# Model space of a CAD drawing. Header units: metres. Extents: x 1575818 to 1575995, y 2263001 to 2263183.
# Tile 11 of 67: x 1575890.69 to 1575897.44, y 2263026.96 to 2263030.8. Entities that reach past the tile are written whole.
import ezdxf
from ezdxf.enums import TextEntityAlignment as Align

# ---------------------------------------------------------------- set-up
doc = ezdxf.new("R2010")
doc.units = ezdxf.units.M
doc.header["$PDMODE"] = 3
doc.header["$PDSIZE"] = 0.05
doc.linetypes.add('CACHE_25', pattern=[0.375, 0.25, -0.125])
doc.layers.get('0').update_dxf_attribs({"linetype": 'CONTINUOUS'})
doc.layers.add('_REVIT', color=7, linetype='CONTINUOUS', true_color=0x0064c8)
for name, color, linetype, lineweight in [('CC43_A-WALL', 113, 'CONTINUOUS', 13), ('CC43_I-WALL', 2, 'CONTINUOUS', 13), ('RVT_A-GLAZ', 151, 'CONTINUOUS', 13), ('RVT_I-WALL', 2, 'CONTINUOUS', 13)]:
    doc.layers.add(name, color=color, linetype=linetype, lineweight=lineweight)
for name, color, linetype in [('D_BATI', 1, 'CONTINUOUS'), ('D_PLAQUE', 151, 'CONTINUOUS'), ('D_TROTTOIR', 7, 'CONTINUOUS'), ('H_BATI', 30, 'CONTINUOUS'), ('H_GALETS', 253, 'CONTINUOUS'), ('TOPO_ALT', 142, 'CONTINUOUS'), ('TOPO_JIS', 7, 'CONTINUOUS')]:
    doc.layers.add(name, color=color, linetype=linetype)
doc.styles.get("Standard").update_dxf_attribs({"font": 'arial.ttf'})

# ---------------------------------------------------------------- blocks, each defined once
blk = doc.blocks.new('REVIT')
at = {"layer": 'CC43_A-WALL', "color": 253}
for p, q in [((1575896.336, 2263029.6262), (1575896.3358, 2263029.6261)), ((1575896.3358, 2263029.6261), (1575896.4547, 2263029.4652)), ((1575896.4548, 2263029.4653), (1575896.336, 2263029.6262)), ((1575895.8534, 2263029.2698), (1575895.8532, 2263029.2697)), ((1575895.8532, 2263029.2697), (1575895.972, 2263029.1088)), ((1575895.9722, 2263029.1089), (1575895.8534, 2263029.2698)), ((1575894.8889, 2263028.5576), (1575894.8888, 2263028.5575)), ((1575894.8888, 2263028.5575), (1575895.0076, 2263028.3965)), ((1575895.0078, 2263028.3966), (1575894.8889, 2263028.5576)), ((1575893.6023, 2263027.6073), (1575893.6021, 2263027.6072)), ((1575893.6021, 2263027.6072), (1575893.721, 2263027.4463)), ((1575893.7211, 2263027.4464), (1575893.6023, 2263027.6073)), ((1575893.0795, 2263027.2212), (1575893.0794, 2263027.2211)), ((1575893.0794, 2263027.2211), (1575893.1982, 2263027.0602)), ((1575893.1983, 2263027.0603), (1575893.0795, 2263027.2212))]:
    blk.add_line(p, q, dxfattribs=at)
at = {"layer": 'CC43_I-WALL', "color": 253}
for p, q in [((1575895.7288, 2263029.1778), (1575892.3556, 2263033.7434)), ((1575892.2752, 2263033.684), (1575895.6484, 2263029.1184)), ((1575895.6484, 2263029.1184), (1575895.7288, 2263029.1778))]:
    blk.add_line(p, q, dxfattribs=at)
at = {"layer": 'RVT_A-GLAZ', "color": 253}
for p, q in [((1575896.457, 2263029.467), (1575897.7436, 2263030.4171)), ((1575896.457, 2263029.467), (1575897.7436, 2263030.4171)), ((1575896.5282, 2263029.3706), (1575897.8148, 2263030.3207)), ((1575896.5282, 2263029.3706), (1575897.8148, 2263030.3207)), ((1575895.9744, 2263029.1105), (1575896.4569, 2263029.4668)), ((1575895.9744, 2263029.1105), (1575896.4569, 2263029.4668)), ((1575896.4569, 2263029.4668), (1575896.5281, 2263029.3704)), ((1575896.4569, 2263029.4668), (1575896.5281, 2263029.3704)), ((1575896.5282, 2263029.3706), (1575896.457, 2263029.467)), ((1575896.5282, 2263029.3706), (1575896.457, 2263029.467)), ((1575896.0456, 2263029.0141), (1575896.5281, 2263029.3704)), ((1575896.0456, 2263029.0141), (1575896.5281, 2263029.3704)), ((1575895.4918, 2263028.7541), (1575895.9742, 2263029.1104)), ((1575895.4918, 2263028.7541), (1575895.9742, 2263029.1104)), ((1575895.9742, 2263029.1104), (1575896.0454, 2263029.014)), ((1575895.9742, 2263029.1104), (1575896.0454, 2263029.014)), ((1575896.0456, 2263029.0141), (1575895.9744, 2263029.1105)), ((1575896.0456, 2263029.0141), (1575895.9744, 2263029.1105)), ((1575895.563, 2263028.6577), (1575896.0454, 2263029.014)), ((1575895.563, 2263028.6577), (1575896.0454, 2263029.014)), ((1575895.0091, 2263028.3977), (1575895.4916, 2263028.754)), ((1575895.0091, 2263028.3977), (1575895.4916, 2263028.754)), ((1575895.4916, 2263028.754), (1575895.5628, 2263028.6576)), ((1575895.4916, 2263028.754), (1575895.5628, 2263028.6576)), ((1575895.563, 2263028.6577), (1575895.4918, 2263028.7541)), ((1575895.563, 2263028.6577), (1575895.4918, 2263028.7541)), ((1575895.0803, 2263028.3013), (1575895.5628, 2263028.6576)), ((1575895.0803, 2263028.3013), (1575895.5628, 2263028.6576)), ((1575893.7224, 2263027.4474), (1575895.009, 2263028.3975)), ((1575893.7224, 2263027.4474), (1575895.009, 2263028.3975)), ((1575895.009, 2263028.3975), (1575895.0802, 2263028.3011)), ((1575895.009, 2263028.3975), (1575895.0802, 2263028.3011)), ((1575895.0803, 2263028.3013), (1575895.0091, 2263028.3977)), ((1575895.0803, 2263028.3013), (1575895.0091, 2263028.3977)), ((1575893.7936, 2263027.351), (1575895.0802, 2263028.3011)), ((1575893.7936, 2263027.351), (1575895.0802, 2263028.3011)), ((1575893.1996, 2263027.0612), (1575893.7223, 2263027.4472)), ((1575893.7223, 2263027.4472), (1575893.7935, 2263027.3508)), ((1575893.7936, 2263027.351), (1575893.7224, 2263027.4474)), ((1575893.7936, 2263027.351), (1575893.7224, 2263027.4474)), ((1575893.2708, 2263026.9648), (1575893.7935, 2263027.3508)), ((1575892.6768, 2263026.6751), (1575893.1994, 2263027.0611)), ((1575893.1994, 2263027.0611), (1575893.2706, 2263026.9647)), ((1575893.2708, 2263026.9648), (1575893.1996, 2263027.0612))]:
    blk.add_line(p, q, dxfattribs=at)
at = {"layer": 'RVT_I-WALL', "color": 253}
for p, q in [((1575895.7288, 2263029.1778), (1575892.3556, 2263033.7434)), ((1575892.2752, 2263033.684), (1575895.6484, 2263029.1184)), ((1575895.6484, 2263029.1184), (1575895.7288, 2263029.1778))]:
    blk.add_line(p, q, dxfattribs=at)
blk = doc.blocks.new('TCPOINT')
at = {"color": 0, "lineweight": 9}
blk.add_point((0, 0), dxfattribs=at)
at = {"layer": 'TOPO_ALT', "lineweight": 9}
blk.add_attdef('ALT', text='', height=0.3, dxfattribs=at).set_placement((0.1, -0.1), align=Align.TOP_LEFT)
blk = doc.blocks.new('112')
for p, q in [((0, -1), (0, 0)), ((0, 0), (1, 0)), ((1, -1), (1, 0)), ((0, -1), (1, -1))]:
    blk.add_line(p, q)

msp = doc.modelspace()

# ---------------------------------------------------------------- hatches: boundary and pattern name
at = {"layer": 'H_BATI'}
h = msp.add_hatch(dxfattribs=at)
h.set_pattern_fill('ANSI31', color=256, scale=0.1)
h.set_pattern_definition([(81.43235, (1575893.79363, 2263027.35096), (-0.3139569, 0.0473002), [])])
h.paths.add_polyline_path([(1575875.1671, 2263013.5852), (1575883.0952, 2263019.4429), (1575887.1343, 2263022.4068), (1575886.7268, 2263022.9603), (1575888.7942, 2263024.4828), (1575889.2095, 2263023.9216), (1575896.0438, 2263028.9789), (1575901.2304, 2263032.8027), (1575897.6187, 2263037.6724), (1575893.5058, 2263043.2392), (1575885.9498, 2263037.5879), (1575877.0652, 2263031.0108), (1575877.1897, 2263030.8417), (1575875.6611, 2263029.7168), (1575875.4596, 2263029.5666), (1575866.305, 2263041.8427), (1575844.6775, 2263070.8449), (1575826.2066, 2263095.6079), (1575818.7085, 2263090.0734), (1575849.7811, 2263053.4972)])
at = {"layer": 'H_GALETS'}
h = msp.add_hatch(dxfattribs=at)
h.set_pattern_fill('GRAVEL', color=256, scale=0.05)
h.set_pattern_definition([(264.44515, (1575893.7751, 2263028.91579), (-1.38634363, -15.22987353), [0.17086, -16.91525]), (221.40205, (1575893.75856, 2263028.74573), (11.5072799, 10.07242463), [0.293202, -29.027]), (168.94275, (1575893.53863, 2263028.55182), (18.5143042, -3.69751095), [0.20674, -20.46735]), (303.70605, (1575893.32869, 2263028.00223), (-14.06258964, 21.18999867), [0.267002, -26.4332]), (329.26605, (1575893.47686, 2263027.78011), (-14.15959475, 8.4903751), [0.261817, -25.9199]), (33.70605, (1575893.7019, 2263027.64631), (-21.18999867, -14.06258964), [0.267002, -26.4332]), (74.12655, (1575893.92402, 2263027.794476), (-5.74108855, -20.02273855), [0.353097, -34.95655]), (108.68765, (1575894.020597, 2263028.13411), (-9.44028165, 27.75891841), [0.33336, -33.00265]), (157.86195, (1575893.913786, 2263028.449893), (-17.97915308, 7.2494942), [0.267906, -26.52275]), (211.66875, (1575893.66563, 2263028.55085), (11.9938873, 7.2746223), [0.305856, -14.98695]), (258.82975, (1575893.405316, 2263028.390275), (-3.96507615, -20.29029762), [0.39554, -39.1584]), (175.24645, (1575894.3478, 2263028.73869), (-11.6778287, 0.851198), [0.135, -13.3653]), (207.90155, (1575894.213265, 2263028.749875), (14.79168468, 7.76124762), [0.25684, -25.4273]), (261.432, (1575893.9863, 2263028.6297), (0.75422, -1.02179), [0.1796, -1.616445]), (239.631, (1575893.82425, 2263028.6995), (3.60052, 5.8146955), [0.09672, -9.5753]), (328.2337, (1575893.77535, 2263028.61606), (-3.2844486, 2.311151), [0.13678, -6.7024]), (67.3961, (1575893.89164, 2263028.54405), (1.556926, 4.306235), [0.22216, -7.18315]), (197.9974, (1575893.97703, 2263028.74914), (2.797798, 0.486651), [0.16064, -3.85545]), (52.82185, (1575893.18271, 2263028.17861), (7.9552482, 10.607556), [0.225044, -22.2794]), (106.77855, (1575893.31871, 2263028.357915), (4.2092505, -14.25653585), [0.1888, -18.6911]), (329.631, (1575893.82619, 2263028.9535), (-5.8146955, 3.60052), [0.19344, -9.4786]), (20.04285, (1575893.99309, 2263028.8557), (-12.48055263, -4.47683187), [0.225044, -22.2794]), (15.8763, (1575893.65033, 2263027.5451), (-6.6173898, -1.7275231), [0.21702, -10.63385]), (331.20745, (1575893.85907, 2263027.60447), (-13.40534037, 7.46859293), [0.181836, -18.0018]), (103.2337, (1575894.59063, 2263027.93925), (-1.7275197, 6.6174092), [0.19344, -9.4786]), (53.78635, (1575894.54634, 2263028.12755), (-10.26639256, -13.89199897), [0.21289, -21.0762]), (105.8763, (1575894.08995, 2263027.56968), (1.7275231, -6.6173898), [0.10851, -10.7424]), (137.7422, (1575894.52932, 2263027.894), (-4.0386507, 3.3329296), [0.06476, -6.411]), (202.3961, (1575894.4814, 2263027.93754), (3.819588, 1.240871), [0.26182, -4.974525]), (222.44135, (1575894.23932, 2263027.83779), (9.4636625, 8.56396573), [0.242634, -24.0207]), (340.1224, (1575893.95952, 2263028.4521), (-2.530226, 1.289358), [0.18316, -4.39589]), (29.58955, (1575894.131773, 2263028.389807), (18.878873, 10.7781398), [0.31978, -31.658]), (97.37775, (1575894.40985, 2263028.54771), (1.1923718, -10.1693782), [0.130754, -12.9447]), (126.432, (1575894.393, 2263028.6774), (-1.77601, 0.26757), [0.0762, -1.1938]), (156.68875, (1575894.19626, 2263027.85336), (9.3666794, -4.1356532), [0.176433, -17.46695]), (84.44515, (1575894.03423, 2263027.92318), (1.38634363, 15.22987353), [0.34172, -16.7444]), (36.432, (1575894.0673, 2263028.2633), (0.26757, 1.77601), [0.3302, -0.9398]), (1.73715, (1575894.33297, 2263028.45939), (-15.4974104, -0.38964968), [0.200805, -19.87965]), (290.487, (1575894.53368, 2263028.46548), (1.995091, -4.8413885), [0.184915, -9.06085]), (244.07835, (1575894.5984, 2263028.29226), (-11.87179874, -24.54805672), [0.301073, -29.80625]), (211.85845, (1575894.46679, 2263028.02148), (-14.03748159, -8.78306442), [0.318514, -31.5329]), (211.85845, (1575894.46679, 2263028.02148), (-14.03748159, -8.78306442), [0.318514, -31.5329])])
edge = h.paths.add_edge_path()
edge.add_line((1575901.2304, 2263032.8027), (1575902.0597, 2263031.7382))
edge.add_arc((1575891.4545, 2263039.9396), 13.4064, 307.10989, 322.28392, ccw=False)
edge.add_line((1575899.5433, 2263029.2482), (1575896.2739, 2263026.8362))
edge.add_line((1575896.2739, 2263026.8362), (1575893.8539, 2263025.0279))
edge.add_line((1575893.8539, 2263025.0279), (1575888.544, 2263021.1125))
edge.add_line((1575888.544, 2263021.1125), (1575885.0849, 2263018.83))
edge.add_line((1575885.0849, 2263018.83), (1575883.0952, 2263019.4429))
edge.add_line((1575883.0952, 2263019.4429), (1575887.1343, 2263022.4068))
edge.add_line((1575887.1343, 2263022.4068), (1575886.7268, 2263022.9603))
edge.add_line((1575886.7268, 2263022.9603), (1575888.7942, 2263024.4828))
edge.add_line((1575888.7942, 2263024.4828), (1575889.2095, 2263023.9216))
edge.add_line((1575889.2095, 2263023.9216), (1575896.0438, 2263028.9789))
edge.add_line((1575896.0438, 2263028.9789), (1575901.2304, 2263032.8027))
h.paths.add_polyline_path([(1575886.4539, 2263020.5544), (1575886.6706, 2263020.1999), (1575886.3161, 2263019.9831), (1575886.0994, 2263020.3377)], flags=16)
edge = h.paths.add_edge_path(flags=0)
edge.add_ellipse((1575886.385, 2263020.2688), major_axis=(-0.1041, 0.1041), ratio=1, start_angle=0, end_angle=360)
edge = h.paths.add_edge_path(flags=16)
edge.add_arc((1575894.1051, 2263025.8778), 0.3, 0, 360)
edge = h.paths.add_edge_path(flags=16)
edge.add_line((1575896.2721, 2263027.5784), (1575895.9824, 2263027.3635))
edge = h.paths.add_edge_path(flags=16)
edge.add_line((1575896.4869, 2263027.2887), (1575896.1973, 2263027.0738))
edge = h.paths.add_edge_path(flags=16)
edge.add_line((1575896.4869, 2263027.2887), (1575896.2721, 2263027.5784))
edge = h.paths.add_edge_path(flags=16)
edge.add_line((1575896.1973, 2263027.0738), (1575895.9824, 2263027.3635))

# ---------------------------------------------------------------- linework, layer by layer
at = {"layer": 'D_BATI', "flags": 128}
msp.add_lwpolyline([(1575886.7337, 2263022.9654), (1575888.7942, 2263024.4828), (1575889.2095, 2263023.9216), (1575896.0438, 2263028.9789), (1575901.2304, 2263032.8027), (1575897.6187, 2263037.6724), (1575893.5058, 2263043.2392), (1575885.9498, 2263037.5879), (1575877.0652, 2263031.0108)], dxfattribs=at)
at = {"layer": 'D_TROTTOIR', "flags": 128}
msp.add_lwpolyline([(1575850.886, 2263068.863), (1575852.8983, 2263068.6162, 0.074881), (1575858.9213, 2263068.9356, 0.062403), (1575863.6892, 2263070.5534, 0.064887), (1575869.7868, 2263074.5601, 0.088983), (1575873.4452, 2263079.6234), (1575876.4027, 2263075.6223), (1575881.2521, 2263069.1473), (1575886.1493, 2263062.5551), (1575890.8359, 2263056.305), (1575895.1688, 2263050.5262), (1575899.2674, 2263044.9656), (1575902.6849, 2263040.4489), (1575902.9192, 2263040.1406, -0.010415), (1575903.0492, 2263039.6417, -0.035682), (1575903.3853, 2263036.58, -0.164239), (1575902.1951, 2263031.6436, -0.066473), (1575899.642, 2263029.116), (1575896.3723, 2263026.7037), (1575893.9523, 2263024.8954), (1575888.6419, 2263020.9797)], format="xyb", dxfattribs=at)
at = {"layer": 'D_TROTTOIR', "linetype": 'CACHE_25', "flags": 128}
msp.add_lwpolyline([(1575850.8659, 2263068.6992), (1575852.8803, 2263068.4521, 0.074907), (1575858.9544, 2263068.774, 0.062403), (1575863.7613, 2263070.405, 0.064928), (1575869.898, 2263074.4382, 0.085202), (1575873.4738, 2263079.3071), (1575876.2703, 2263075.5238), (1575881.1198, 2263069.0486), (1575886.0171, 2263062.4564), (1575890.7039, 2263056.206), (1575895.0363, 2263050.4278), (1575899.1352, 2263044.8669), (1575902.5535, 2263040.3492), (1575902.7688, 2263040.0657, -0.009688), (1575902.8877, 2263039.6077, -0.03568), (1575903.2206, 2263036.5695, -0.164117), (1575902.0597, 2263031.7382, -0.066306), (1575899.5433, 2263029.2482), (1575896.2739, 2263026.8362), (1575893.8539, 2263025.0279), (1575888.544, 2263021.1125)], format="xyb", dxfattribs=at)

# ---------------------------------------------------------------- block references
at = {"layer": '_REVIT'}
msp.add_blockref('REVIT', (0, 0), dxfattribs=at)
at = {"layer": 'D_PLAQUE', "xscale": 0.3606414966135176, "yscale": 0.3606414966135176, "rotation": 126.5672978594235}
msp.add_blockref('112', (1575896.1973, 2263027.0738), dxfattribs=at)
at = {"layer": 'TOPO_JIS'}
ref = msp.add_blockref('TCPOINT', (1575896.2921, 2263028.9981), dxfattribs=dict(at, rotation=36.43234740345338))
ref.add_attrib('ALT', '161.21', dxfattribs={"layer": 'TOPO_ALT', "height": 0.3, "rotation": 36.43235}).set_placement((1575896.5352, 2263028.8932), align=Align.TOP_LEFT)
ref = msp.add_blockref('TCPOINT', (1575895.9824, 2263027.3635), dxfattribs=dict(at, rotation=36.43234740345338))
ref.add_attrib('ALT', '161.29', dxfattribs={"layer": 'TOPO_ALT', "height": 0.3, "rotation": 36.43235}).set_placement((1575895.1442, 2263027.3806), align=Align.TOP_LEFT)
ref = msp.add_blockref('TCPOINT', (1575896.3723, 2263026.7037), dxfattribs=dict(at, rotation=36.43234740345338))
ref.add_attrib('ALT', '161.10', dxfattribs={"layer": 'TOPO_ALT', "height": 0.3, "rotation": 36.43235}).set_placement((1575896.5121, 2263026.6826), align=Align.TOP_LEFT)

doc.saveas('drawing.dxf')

◆ ◆ ◆ ◆

*Activity*:
All that is needed is the exact run of lines above from the line containing "2263023.9216), (1575896.0438, 2263028.9789))" through the line containing "(1575886.0994, 2263020.3377)], flags=16)", both of them included.

*Solution*:
edge.add_line((1575889.2095, 2263023.9216), (1575896.0438, 2263028.9789))
edge.add_line((1575896.0438, 2263028.9789), (1575901.2304, 2263032.8027))
h.paths.add_polyline_path([(1575886.4539, 2263020.5544), (1575886.6706, 2263020.1999), (1575886.3161, 2263019.9831), (1575886.0994, 2263020.3377)], flags=16)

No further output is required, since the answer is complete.